**Saved data entries**
= = = =

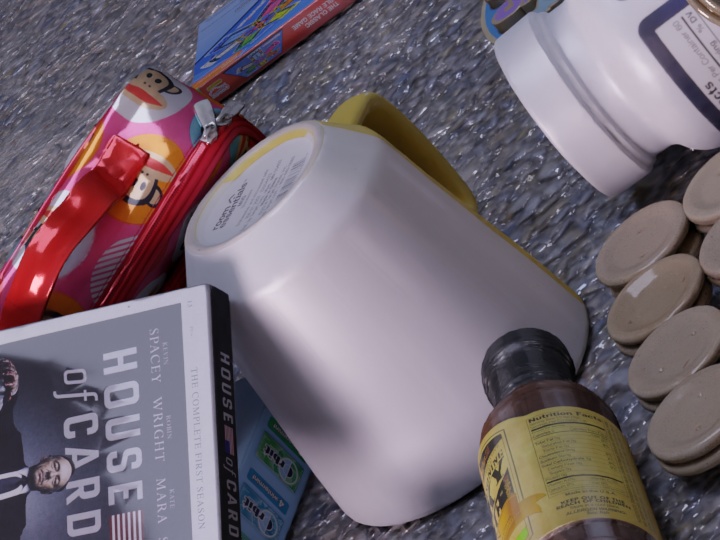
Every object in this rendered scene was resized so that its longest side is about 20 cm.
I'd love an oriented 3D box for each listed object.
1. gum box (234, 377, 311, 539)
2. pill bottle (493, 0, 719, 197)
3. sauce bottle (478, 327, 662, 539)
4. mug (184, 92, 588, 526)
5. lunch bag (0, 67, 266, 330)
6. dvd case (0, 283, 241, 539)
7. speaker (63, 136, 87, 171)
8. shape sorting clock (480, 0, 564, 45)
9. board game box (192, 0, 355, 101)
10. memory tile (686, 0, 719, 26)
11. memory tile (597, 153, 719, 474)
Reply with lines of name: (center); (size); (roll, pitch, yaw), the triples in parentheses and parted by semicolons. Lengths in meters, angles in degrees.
gum box: (-0.113, 0.151, 1.388); (0.170, 0.045, 0.200); (-24, 32, 37)
pill bottle: (0.168, -0.128, 1.322); (0.200, 0.116, 0.116); (-36, 25, 14)
sauce bottle: (0.082, 0.087, 1.166); (0.065, 0.065, 0.200); (-38, 22, 12)
mug: (-0.005, 0.007, 1.323); (0.149, 0.153, 0.187); (-43, 23, 2)
lunch bag: (-0.120, 0.002, 1.367); (0.200, 0.082, 0.176); (-59, -14, -4)
dvd case: (-0.146, 0.097, 1.253); (0.200, 0.025, 0.150); (-14, 67, 23)
speaker: (-0.144, -0.004, 1.650); (0.081, 0.081, 0.200); (-34, 25, 20)
shape sorting clock: (0.141, -0.198, 1.577); (0.200, 0.039, 0.200); (-35, 25, 19)
board game box: (-0.026, -0.189, 1.849); (0.200, 0.019, 0.103); (-35, 24, 19)
memory tile: (0.224, -0.134, 1.200); (0.200, 0.153, 0.017); (-55, -2, -40)
memory tile: (0.173, -0.001, 1.209); (0.153, 0.017, 0.200); (-37, 25, 14)

= = = =

**EXERCISE**
From the line that has "9. board game box (192, 0, 355, 101)" through the line that has "11. memory tile (597, 153, 719, 474)", copy every line exactly as it appears above, and leave out all others.

**SOLUTION TO THIS TASK**
9. board game box (192, 0, 355, 101)
10. memory tile (686, 0, 719, 26)
11. memory tile (597, 153, 719, 474)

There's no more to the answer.